Line 109 that is throwing the warning:

  target += std_normal_lpdf(to_vector(z_1));

The only idea I currently have is to try out different initialization values via the init argument. Try something small like 0.1 or even 0 just to see if that fixes the problem maybe?

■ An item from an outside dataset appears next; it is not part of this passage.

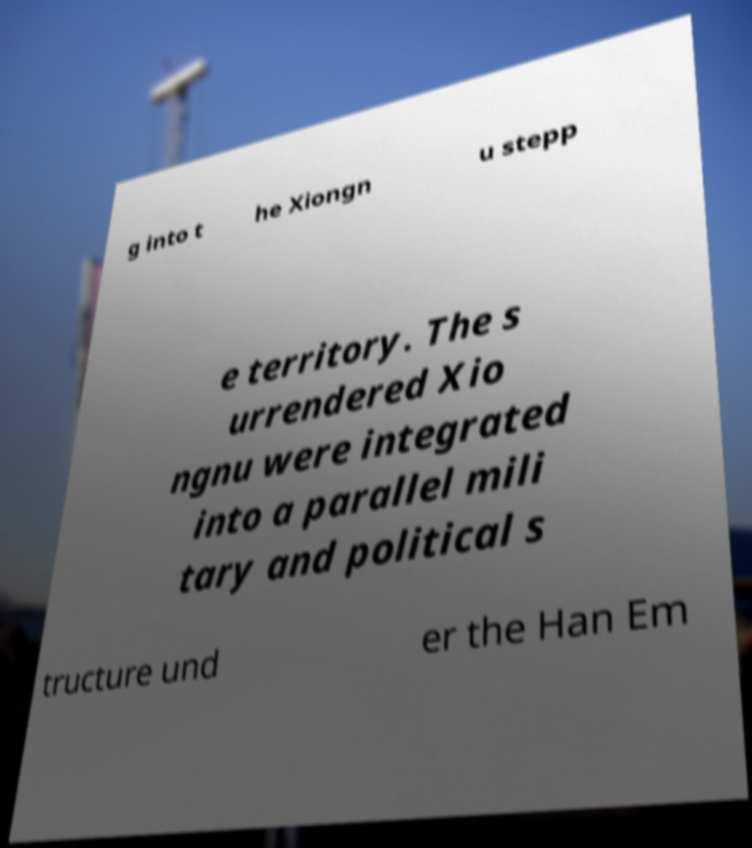Please read and relay the text visible in this image. What does it say? g into t he Xiongn u stepp e territory. The s urrendered Xio ngnu were integrated into a parallel mili tary and political s tructure und er the Han Em

@scholz I tried this with init = 0 and ran into the same issue. For some reason when I try init = 0.1 my models fail with the following error:

Stan model 'model_40c60317027a903f80c0cf96b9b92a89-202205061603-1-3da6bd' does not contain samples after warmup.
Error in validate_rhat(s$summary[, "Rhat"]) : is.numeric(x) is not TRUE

You could try starting with a simpler model and then slowly building up to the more complex ones. Might help you identify what breaks the model.

1 Like

@scholz Thanks for this suggestion - very helpful. The problem seems to be with the addition of a time-varying term in the scale model. Currently running into the following error when trying to estimate this model:

Error in if (any(efbmi_per_chain < threshold)) { :
   missing value where TRUE/FALSE needed
Calls: brm_multiple -> <Anonymous> -> value.Future -> signalConditions  

Going to start a separate thread for this particular issue.